PROMPT:
For this exercise, retype every record below exactly and keep the pictures out.

TASK INPUTS:
#####
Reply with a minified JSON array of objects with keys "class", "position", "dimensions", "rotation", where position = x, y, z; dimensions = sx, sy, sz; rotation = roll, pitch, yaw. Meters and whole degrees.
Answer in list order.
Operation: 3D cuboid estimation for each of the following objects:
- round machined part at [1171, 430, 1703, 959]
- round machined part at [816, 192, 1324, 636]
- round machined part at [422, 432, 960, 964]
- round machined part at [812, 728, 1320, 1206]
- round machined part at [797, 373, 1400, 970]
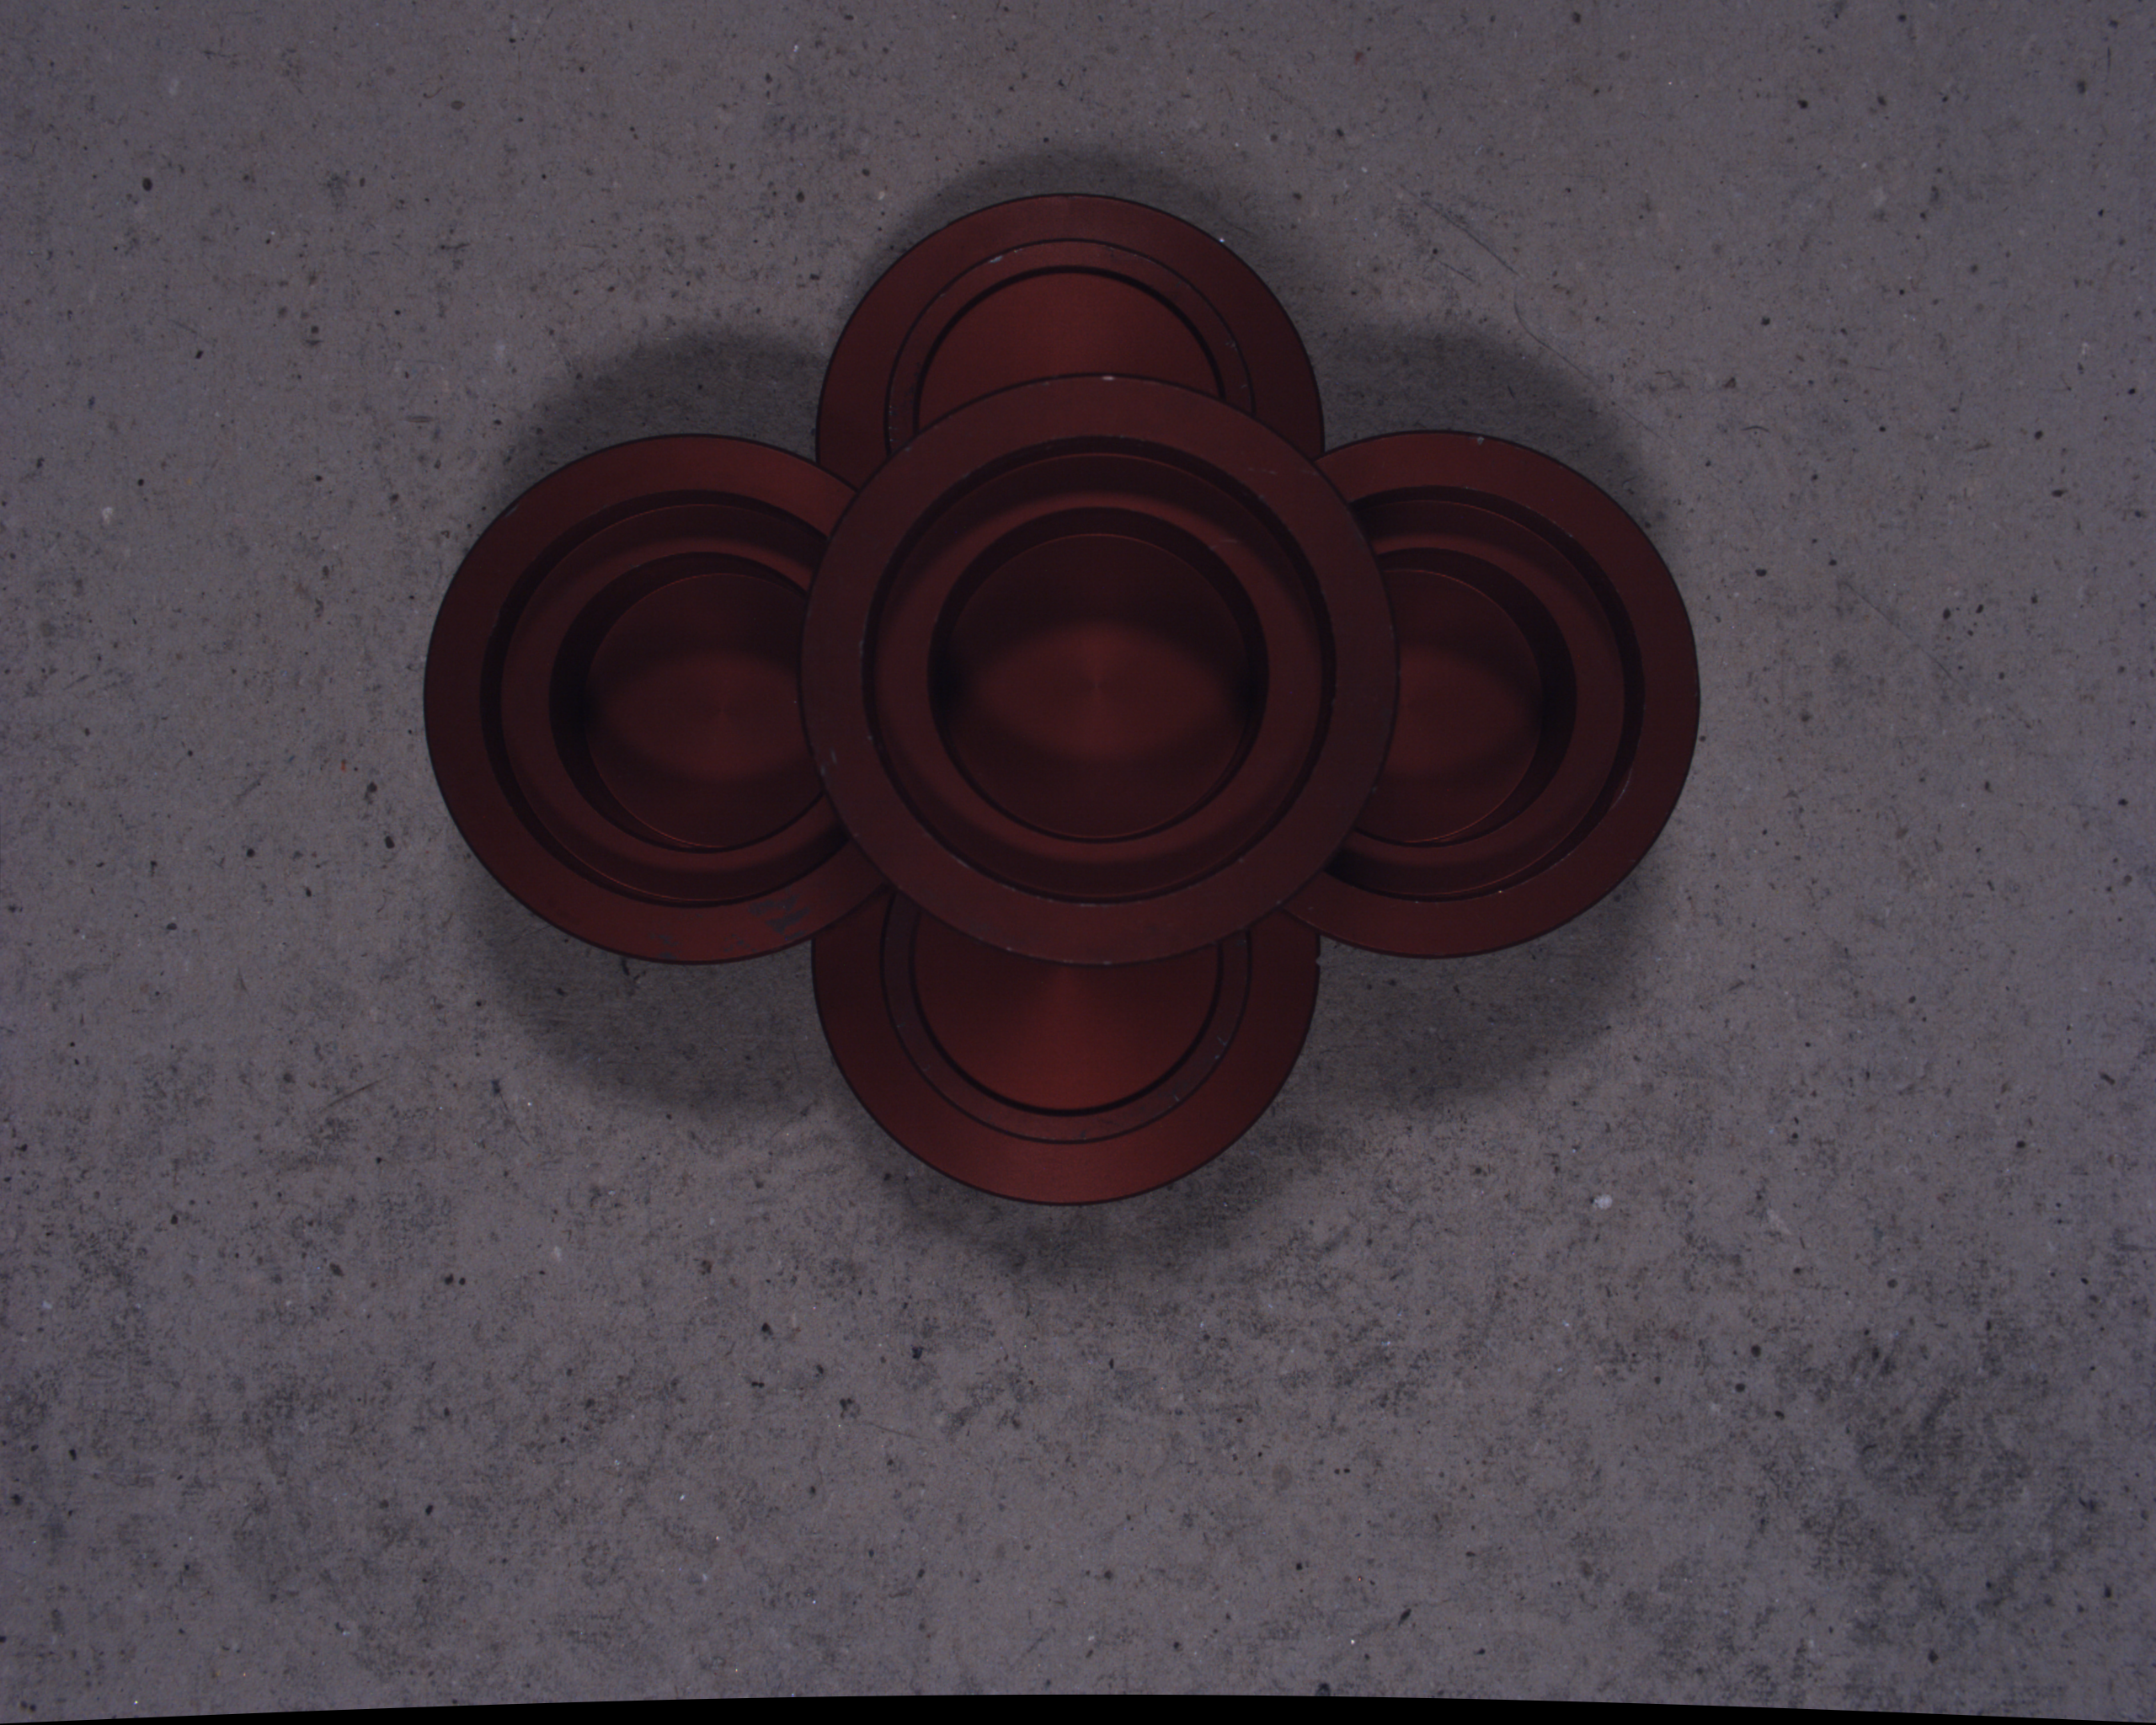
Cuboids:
[{"class":"round machined part","position":[0.066,-0.031,0.403],"dimensions":[0.099,0.042,0.097],"rotation":[0,90,-1]},{"class":"round machined part","position":[-0.001,-0.081,0.402],"dimensions":[0.099,0.042,0.097],"rotation":[0,90,-1]},{"class":"round machined part","position":[-0.071,-0.030,0.402],"dimensions":[0.099,0.042,0.097],"rotation":[0,90,-1]},{"class":"round machined part","position":[-0.002,0.018,0.402],"dimensions":[0.099,0.042,0.097],"rotation":[0,90,-1]},{"class":"round machined part","position":[0.003,-0.031,0.360],"dimensions":[0.099,0.042,0.097],"rotation":[0,90,-1]}]
#####
TASK RESULT:
Reply with a minified JSON array of objects with keys "class", "position", "dimensions", "rotation", where position = x, y, z; dimensions = sx, sy, sz; rotation = roll, pitch, yaw. Meters and whole degrees.
Answer in list order.
Operation: 3D cuboid estimation for each of the following objects:
- round machined part at [1171, 430, 1703, 959]
- round machined part at [816, 192, 1324, 636]
- round machined part at [422, 432, 960, 964]
- round machined part at [812, 728, 1320, 1206]
- round machined part at [797, 373, 1400, 970]
Cuboids:
[{"class":"round machined part","position":[0.066,-0.031,0.403],"dimensions":[0.099,0.042,0.097],"rotation":[0,90,-1]},{"class":"round machined part","position":[-0.001,-0.081,0.402],"dimensions":[0.099,0.042,0.097],"rotation":[0,90,-1]},{"class":"round machined part","position":[-0.071,-0.030,0.402],"dimensions":[0.099,0.042,0.097],"rotation":[0,90,-1]},{"class":"round machined part","position":[-0.002,0.018,0.402],"dimensions":[0.099,0.042,0.097],"rotation":[0,90,-1]},{"class":"round machined part","position":[0.003,-0.031,0.360],"dimensions":[0.099,0.042,0.097],"rotation":[0,90,-1]}]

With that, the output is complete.